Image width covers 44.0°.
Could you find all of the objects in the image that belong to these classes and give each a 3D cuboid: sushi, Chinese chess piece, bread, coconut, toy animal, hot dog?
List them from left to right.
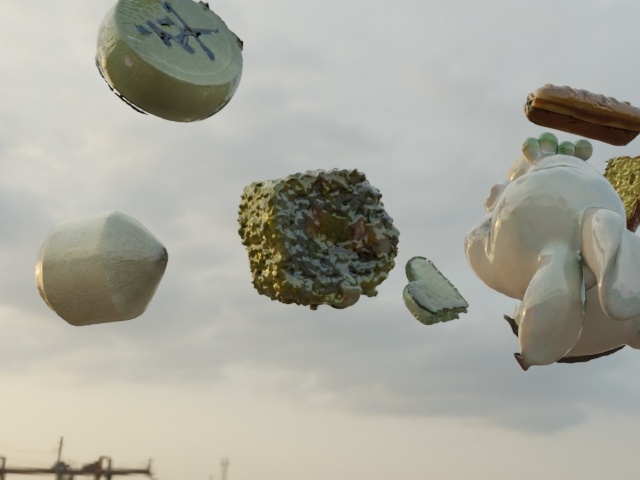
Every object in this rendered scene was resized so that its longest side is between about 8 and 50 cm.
[{"bbox_3d":[-0.446,0.058,1.664,0.266,0.237,0.237,-13,-25,17],"label":"coconut"},{"bbox_3d":[-0.190,-0.238,1.011,0.188,0.188,0.083,15,-43,-29],"label":"Chinese chess piece"},{"bbox_3d":[0.000,0.000,2.005,0.396,0.351,0.240,-9,0,-34],"label":"sushi"},{"bbox_3d":[0.266,0.130,1.852,0.172,0.232,0.064,25,-59,-10],"label":"bread"},{"bbox_3d":[0.263,0.024,0.850,0.183,0.247,0.310,-30,-32,11],"label":"toy animal"},{"bbox_3d":[0.529,-0.248,1.570,0.269,0.072,0.115,12,-30,-17],"label":"hot dog"},{"bbox_3d":[0.800,-0.098,2.092,0.134,0.260,0.129,11,14,-45],"label":"bread"}]

━━━━━━━━━━

_TASK DESCRIPTION_: Without copying any picture, write out the entries exactly.

_ANSWER AREA_:
Image width covers 44.0°.
Could you find all of the objects in the image that belong to these classes and give each a 3D cuboid: sushi, Chinese chess piece, bread, coconut, toy animal, hot dog?
List them from left to right.
Every object in this rendered scene was resized so that its longest side is between about 8 and 50 cm.
[{"bbox_3d":[-0.446,0.058,1.664,0.266,0.237,0.237,-13,-25,17],"label":"coconut"},{"bbox_3d":[-0.190,-0.238,1.011,0.188,0.188,0.083,15,-43,-29],"label":"Chinese chess piece"},{"bbox_3d":[0.000,0.000,2.005,0.396,0.351,0.240,-9,0,-34],"label":"sushi"},{"bbox_3d":[0.266,0.130,1.852,0.172,0.232,0.064,25,-59,-10],"label":"bread"},{"bbox_3d":[0.263,0.024,0.850,0.183,0.247,0.310,-30,-32,11],"label":"toy animal"},{"bbox_3d":[0.529,-0.248,1.570,0.269,0.072,0.115,12,-30,-17],"label":"hot dog"},{"bbox_3d":[0.800,-0.098,2.092,0.134,0.260,0.129,11,14,-45],"label":"bread"}]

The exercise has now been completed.